Work instructions :: First find the line with "For every layout" in the entries below, then set down exactly every line through the line with "subtitle Stand van", that line included.

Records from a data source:

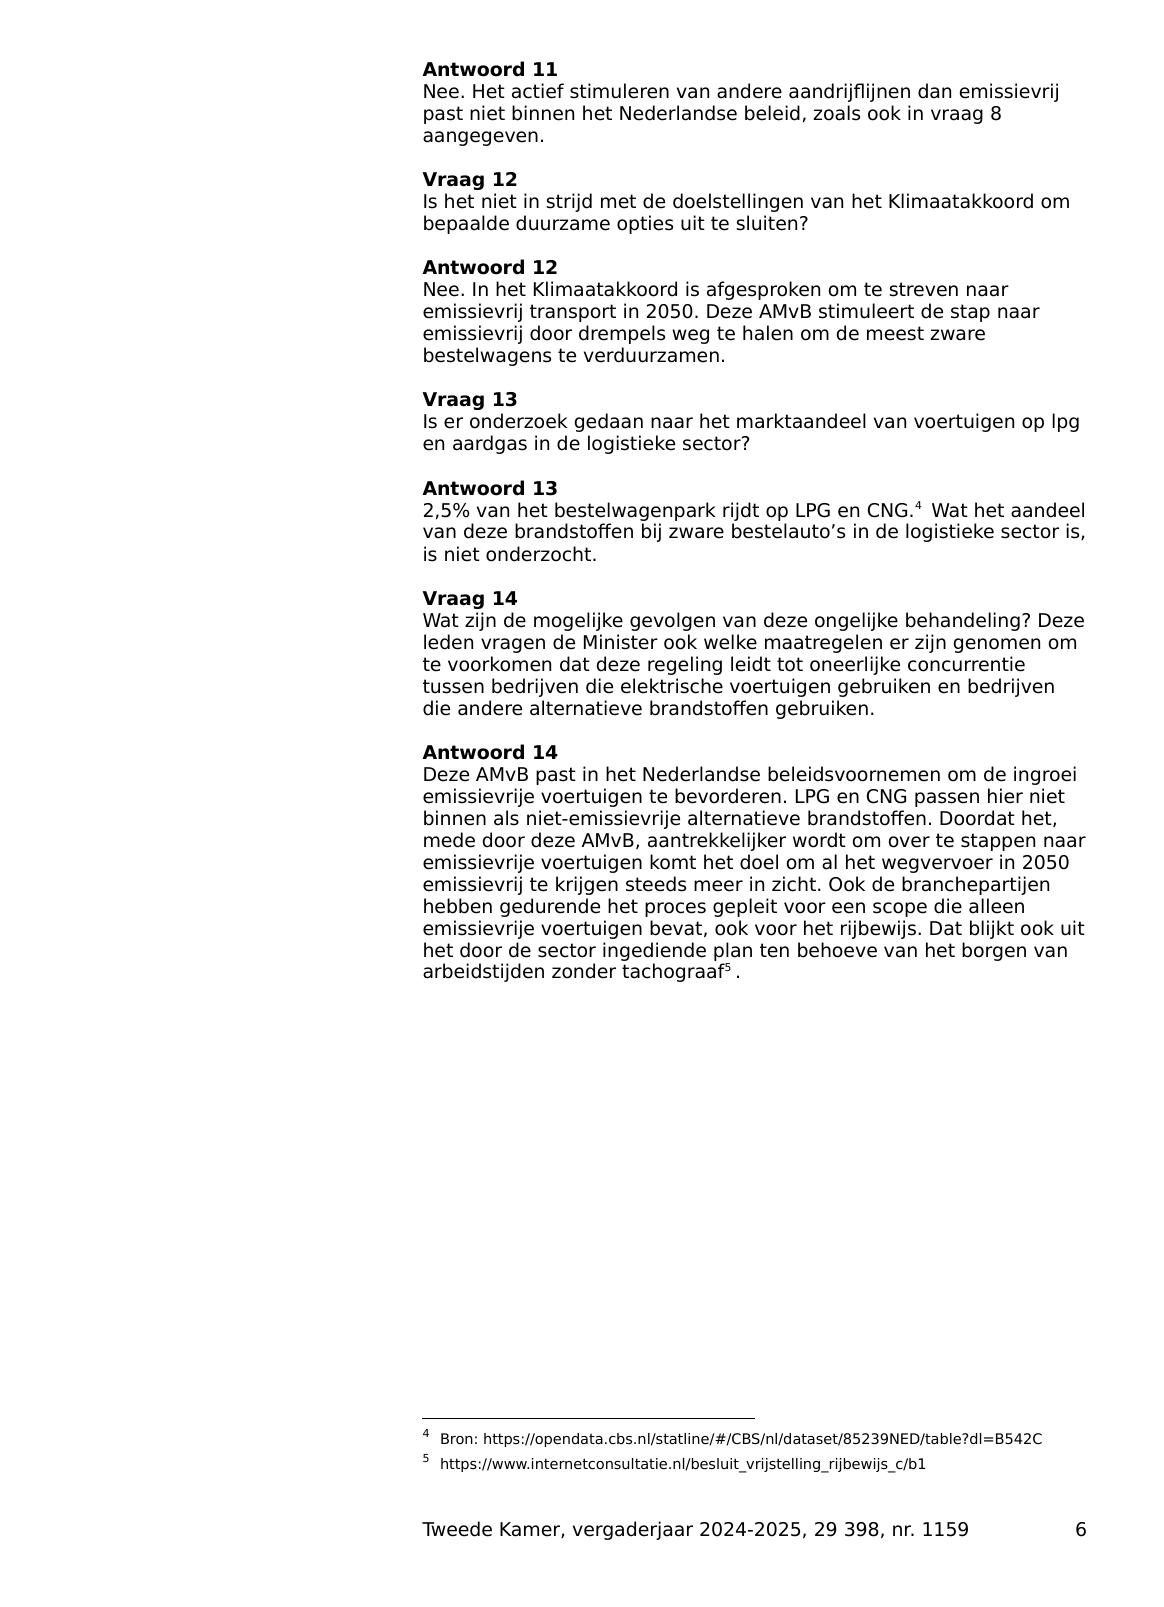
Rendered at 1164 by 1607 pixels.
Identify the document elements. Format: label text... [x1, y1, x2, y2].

text Wat zijn de mogelijke gevolgen van deze ongelijke behandeling? Deze leden vragen de Minister ook welke maatregelen er zijn genomen om te voorkomen dat deze regeling leidt tot oneerlijke concurrentie tussen bedrijven die elektrische voertuigen gebruiken en bedrijven die andere alternatieve brandstoffen gebruiken. [422, 609, 1087, 719]
text Is het niet in strijd met de doelstellingen van het Klimaatakkoord om bepaalde duurzame opties uit te sluiten? [422, 191, 1087, 235]
text Deze AMvB past in het Nederlandse beleidsvoornemen om de ingroei emissievrije voertuigen te bevorderen. LPG en CNG passen hier niet binnen als niet-emissievrije alternatieve brandstoffen. Doordat het, mede door deze AMvB, aantrekkelijker wordt om over te stappen naar emissievrije voertuigen komt het doel om al het wegvervoer in 2050 emissievrij te krijgen steeds meer in zicht. Ook de branchepartijen hebben gedurende het proces gepleit voor een scope die alleen emissievrije voertuigen bevat, ook voor het rijbewijs. Dat blijkt ook uit het door de sector ingediende plan ten behoeve van het borgen van arbeidstijden zonder tachograaf. [422, 764, 1087, 983]
text Nee. In het Klimaatakkoord is afgesproken om te streven naar emissievrij transport in 2050. Deze AMvB stimuleert de stap naar emissievrij door drempels weg te halen om de meest zware bestelwagens te verduurzamen. [422, 279, 1087, 367]
text Antwoord 14 [422, 742, 1087, 764]
text Vraag 13 [422, 389, 1087, 411]
text https://www.internetconsultatie.nl/besluit_vrijstelling_rijbewijs_c/b1 [422, 1452, 1087, 1474]
text Antwoord 11 [422, 59, 1087, 81]
text Antwoord 12 [422, 257, 1087, 279]
text Bron: https://opendata.cbs.nl/statline/#/CBS/nl/dataset/85239NED/table?dl=B542C [422, 1427, 1087, 1449]
text 2,5% van het bestelwagenpark rijdt op LPG en CNG. Wat het aandeel van deze brandstoffen bij zware bestelauto’s in de logistieke sector is, is niet onderzocht. [422, 499, 1087, 565]
text Nee. Het actief stimuleren van andere aandrijflijnen dan emissievrij past niet binnen het Nederlandse beleid, zoals ook in vraag 8 aangegeven. [422, 81, 1087, 147]
text Antwoord 13 [422, 477, 1087, 499]
text Is er onderzoek gedaan naar het marktaandeel van voertuigen op lpg en aardgas in de logistieke sector? [422, 411, 1087, 455]
text Vraag 12 [422, 169, 1087, 191]
text Vraag 14 [422, 588, 1087, 609]
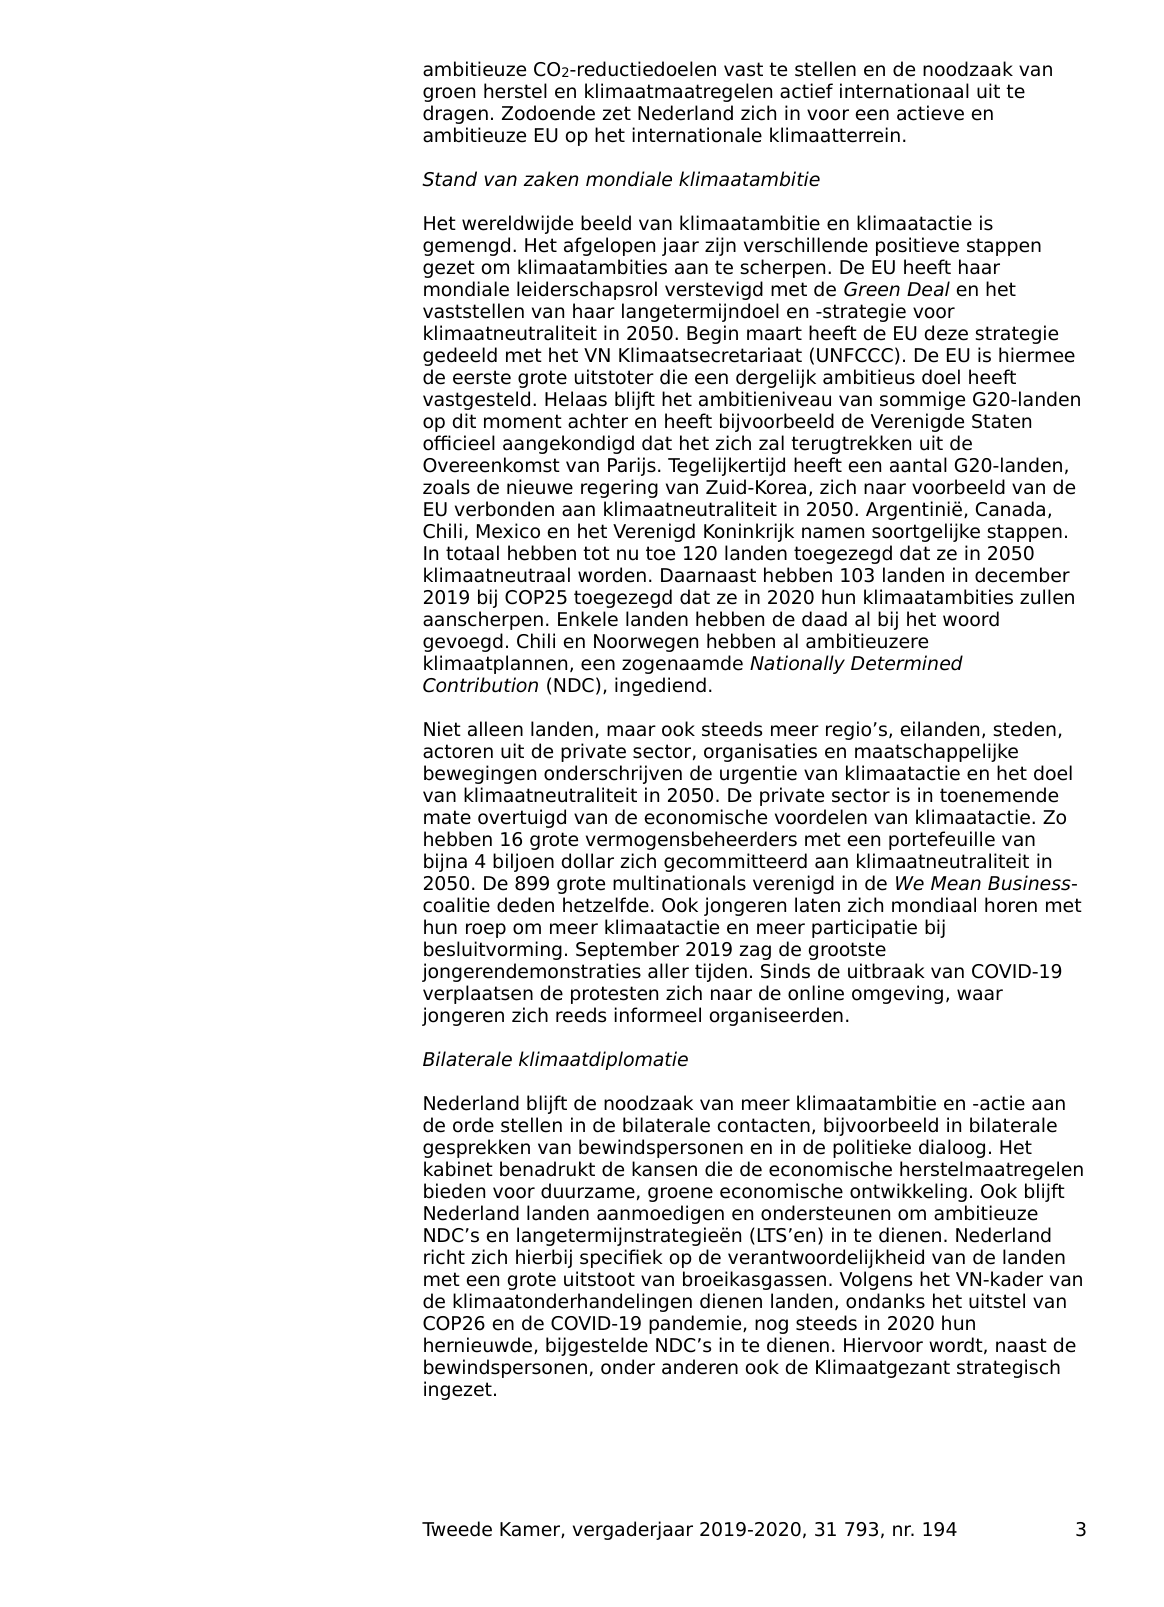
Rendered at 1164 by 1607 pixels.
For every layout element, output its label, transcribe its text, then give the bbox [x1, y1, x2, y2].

text Nederland blijft de noodzaak van meer klimaatambitie en -actie aan de orde stellen in de bilaterale contacten, bijvoorbeeld in bilaterale gesprekken van bewindspersonen en in de politieke dialoog. Het kabinet benadrukt de kansen die de economische herstelmaatregelen bieden voor duurzame, groene economische ontwikkeling. Ook blijft Nederland landen aanmoedigen en ondersteunen om ambitieuze NDC’s en langetermijnstrategieën (LTS’en) in te dienen. Nederland richt zich hierbij specifiek op de verantwoordelijkheid van de landen met een grote uitstoot van broeikasgassen. Volgens het VN-kader van de klimaatonderhandelingen dienen landen, ondanks het uitstel van COP26 en de COVID-19 pandemie, nog steeds in 2020 hun hernieuwde, bijgestelde NDC’s in te dienen. Hiervoor wordt, naast de bewindspersonen, onder anderen ook de Klimaatgezant strategisch ingezet. [422, 1093, 1087, 1401]
text ambitieuze CO2-reductiedoelen vast te stellen en de noodzaak van groen herstel en klimaatmaatregelen actief internationaal uit te dragen. Zodoende zet Nederland zich in voor een actieve en ambitieuze EU op het internationale klimaatterrein. [422, 59, 1087, 147]
subtitle Bilaterale klimaatdiplomatie [422, 1049, 1087, 1071]
subtitle Stand van zaken mondiale klimaatambitie [422, 169, 1087, 191]
text Het wereldwijde beeld van klimaatambitie en klimaatactie is gemengd. Het afgelopen jaar zijn verschillende positieve stappen gezet om klimaatambities aan te scherpen. De EU heeft haar mondiale leiderschapsrol verstevigd met de Green Deal en het vaststellen van haar langetermijndoel en -strategie voor klimaatneutraliteit in 2050. Begin maart heeft de EU deze strategie gedeeld met het VN Klimaatsecretariaat (UNFCCC). De EU is hiermee de eerste grote uitstoter die een dergelijk ambitieus doel heeft vastgesteld. Helaas blijft het ambitieniveau van sommige G20-landen op dit moment achter en heeft bijvoorbeeld de Verenigde Staten officieel aangekondigd dat het zich zal terugtrekken uit de Overeenkomst van Parijs. Tegelijkertijd heeft een aantal G20-landen, zoals de nieuwe regering van Zuid-Korea, zich naar voorbeeld van de EU verbonden aan klimaatneutraliteit in 2050. Argentinië, Canada, Chili, Mexico en het Verenigd Koninkrijk namen soortgelijke stappen. In totaal hebben tot nu toe 120 landen toegezegd dat ze in 2050 klimaatneutraal worden. Daarnaast hebben 103 landen in december 2019 bij COP25 toegezegd dat ze in 2020 hun klimaatambities zullen aanscherpen. Enkele landen hebben de daad al bij het woord gevoegd. Chili en Noorwegen hebben al ambitieuzere klimaatplannen, een zogenaamde Nationally Determined Contribution (NDC), ingediend. [422, 213, 1087, 697]
text Niet alleen landen, maar ook steeds meer regio’s, eilanden, steden, actoren uit de private sector, organisaties en maatschappelijke bewegingen onderschrijven de urgentie van klimaatactie en het doel van klimaatneutraliteit in 2050. De private sector is in toenemende mate overtuigd van de economische voordelen van klimaatactie. Zo hebben 16 grote vermogensbeheerders met een portefeuille van bijna 4 biljoen dollar zich gecommitteerd aan klimaatneutraliteit in 2050. De 899 grote multinationals verenigd in de We Mean Business-coalitie deden hetzelfde. Ook jongeren laten zich mondiaal horen met hun roep om meer klimaatactie en meer participatie bij besluitvorming. September 2019 zag de grootste jongerendemonstraties aller tijden. Sinds de uitbraak van COVID-19 verplaatsen de protesten zich naar de online omgeving, waar jongeren zich reeds informeel organiseerden. [422, 719, 1087, 1027]
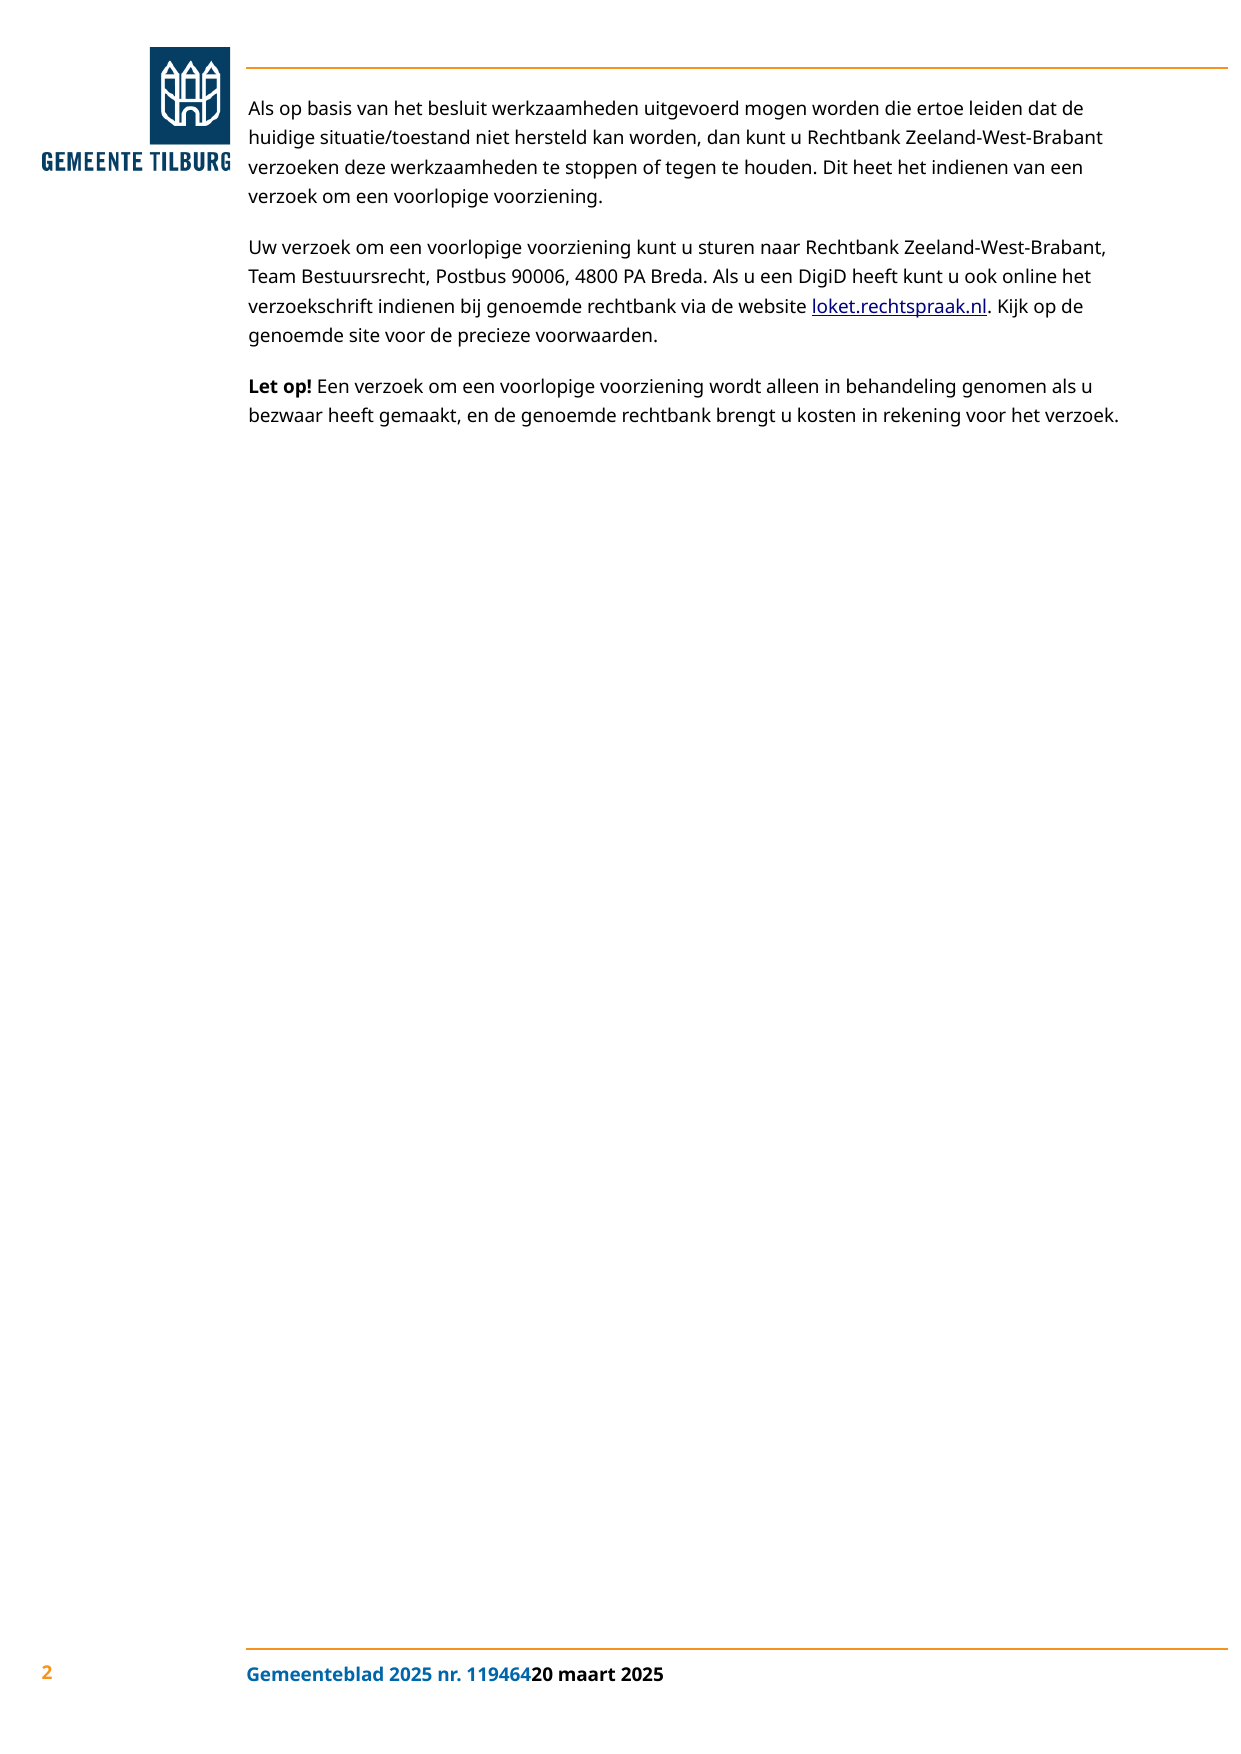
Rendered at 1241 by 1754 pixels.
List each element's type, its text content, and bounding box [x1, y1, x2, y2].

text Als op basis van het besluit werkzaamheden uitgevoerd mogen worden die ertoe leiden dat de huidige situatie/toestand niet hersteld kan worden, dan kunt u Rechtbank Zeeland-West-Brabant verzoeken deze werkzaamheden te stoppen of tegen te houden. Dit heet het indienen van een verzoek om een voorlopige voorziening. [248, 95, 1152, 209]
picture [41, 47, 231, 172]
text Uw verzoek om een voorlopige voorziening kunt u sturen naar Rechtbank Zeeland-West-Brabant, Team Bestuursrecht, Postbus 90006, 4800 PA Breda. Als u een DigiD heeft kunt u ook online het verzoekschrift indienen bij genoemde rechtbank via de website loket.rechtspraak.nl. Kijk op de genoemde site voor de precieze voorwaarden. [248, 234, 1152, 348]
text Let op! Een verzoek om een voorlopige voorziening wordt alleen in behandeling genomen als u bezwaar heeft gemaakt, en de genoemde rechtbank brengt u kosten in rekening voor het verzoek. [248, 373, 1152, 428]

Your response ::
For every layout element, output its label, transcribe its text, then give the bbox [x1, y1, x2, y2].

text Nederland blijft de noodzaak van meer klimaatambitie en -actie aan de orde stellen in de bilaterale contacten, bijvoorbeeld in bilaterale gesprekken van bewindspersonen en in de politieke dialoog. Het kabinet benadrukt de kansen die de economische herstelmaatregelen bieden voor duurzame, groene economische ontwikkeling. Ook blijft Nederland landen aanmoedigen en ondersteunen om ambitieuze NDC’s en langetermijnstrategieën (LTS’en) in te dienen. Nederland richt zich hierbij specifiek op de verantwoordelijkheid van de landen met een grote uitstoot van broeikasgassen. Volgens het VN-kader van de klimaatonderhandelingen dienen landen, ondanks het uitstel van COP26 en de COVID-19 pandemie, nog steeds in 2020 hun hernieuwde, bijgestelde NDC’s in te dienen. Hiervoor wordt, naast de bewindspersonen, onder anderen ook de Klimaatgezant strategisch ingezet. [422, 1093, 1087, 1401]
text ambitieuze CO2-reductiedoelen vast te stellen en de noodzaak van groen herstel en klimaatmaatregelen actief internationaal uit te dragen. Zodoende zet Nederland zich in voor een actieve en ambitieuze EU op het internationale klimaatterrein. [422, 59, 1087, 147]
subtitle Bilaterale klimaatdiplomatie [422, 1049, 1087, 1071]
subtitle Stand van zaken mondiale klimaatambitie [422, 169, 1087, 191]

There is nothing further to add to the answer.